Performance Benchmarking Framework

Latency Targets per Intent

Intent p50 Target p95 Target p99 Target Model Parallelism Strategy
Greeting 150ms 250ms 400ms Haiku None (direct generation)
Simple FAQ 200ms 400ms 600ms Haiku Cache check only
Order status 300ms 500ms 800ms Haiku DynamoDB lookup parallel with cache
Product search 800ms 1500ms 2200ms Sonnet Full parallel fan-out (RAG + Session + Profile)
Manga recommendation 1200ms 2500ms 3000ms Sonnet Full parallel fan-out + streaming
Plot comparison 1500ms 2800ms 3500ms Sonnet Full parallel fan-out + streaming
Complaint handling 1000ms 2000ms 2800ms Sonnet Full parallel fan-out + streaming

Automated Regression Detection

flowchart TD
    START[Scheduled Benchmark<br/>Every 15 min] --> RUN[Execute Test Suite<br/>50 queries per intent]
    RUN --> COLLECT[Collect Latency<br/>Distributions]
    COLLECT --> COMPARE{p95 vs Baseline<br/>Mann-Whitney U Test}

    COMPARE -->|p > 0.05<br/>No regression| LOG[Log to CloudWatch<br/>Update Dashboard]
    COMPARE -->|p <= 0.05<br/>Regression detected| SEVERITY{Regression<br/>Severity}

    SEVERITY -->|< 10% increase| WARN[CloudWatch Alarm<br/>SEV-3 Warning]
    SEVERITY -->|10-25% increase| ALERT[PagerDuty Alert<br/>SEV-2]
    SEVERITY -->|> 25% increase| CRITICAL[PagerDuty Page<br/>SEV-1 + Auto-Rollback]
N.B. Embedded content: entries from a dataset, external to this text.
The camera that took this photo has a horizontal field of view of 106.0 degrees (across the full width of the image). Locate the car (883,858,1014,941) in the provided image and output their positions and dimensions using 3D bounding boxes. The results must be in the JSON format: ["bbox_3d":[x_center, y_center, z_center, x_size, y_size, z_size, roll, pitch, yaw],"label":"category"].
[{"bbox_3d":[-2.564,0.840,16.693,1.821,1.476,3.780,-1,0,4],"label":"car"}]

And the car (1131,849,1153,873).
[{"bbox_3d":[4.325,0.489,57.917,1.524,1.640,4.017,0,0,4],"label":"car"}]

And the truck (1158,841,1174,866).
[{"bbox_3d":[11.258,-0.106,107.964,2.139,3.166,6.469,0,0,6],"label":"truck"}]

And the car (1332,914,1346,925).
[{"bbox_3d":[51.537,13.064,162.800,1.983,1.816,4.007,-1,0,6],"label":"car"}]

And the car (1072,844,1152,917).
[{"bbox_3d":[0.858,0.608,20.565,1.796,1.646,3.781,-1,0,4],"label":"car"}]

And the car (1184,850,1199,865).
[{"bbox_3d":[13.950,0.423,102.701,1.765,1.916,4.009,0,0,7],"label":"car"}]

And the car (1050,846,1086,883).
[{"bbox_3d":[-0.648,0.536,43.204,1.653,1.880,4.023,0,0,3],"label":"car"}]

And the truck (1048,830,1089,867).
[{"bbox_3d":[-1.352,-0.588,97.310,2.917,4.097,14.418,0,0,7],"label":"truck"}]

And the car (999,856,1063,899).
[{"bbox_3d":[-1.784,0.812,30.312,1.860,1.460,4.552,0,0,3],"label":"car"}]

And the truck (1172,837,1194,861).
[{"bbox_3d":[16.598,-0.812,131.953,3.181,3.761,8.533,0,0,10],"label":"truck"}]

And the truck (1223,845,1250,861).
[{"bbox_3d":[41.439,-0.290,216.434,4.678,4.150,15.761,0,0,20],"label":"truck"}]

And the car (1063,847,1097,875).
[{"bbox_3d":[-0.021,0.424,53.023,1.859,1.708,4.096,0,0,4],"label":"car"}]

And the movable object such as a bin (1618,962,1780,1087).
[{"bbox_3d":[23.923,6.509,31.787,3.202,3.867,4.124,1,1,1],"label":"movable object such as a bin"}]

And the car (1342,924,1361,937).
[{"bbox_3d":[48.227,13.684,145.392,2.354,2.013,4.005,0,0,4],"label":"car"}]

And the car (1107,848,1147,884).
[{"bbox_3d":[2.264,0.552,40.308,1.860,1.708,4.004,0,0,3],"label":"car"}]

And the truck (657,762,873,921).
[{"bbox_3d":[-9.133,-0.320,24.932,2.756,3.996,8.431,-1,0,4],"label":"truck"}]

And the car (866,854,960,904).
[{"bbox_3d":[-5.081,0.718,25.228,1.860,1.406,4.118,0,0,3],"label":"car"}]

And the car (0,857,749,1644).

    WARN --> DASHBOARD[Update Grafana<br/>Dashboard]
    ALERT --> DASHBOARD
    CRITICAL --> ROLLBACK[Auto-Rollback<br/>Last Known Good Config] --> DASHBOARD

    style CRITICAL fill:#e74c3c,color:#fff
    style ALERT fill:#f39c12,color:#000
    style WARN fill:#f1c40f,color:#000
    style LOG fill:#2ecc71,color:#000

Benchmarking Metrics Collection

import asyncio
import statistics
import time
from dataclasses import dataclass, field

import boto3
from scipy import stats


@dataclass
class BenchmarkResult:
    """Results from a single benchmark run."""
    intent: str
    latencies_ms: list[float] = field(default_factory=list)
    first_token_latencies_ms: list[float] = field(default_factory=list)
    errors: int = 0
    total_requests: int = 0

    @property
    def p50(self) -> float:
        return self._percentile(50)

    @property
    def p95(self) -> float:
        return self._percentile(95)

    @property
    def p99(self) -> float:
        return self._percentile(99)

    @property
    def first_token_p50(self) -> float:
        return self._percentile(50, self.first_token_latencies_ms)

    @property
    def first_token_p95(self) -> float:
        return self._percentile(95, self.first_token_latencies_ms)

    def _percentile(
        self, pct: int, data: list[float] | None = None
    ) -> float:
        d = data if data is not None else self.latencies_ms
        if not d:
            return 0.0
        sorted_d = sorted(d)
        idx = int(len(sorted_d) * pct / 100)
        return sorted_d[min(idx, len(sorted_d) - 1)]


class LatencyBenchmarkRunner:
    """
    Automated latency benchmarking for MangaAssist.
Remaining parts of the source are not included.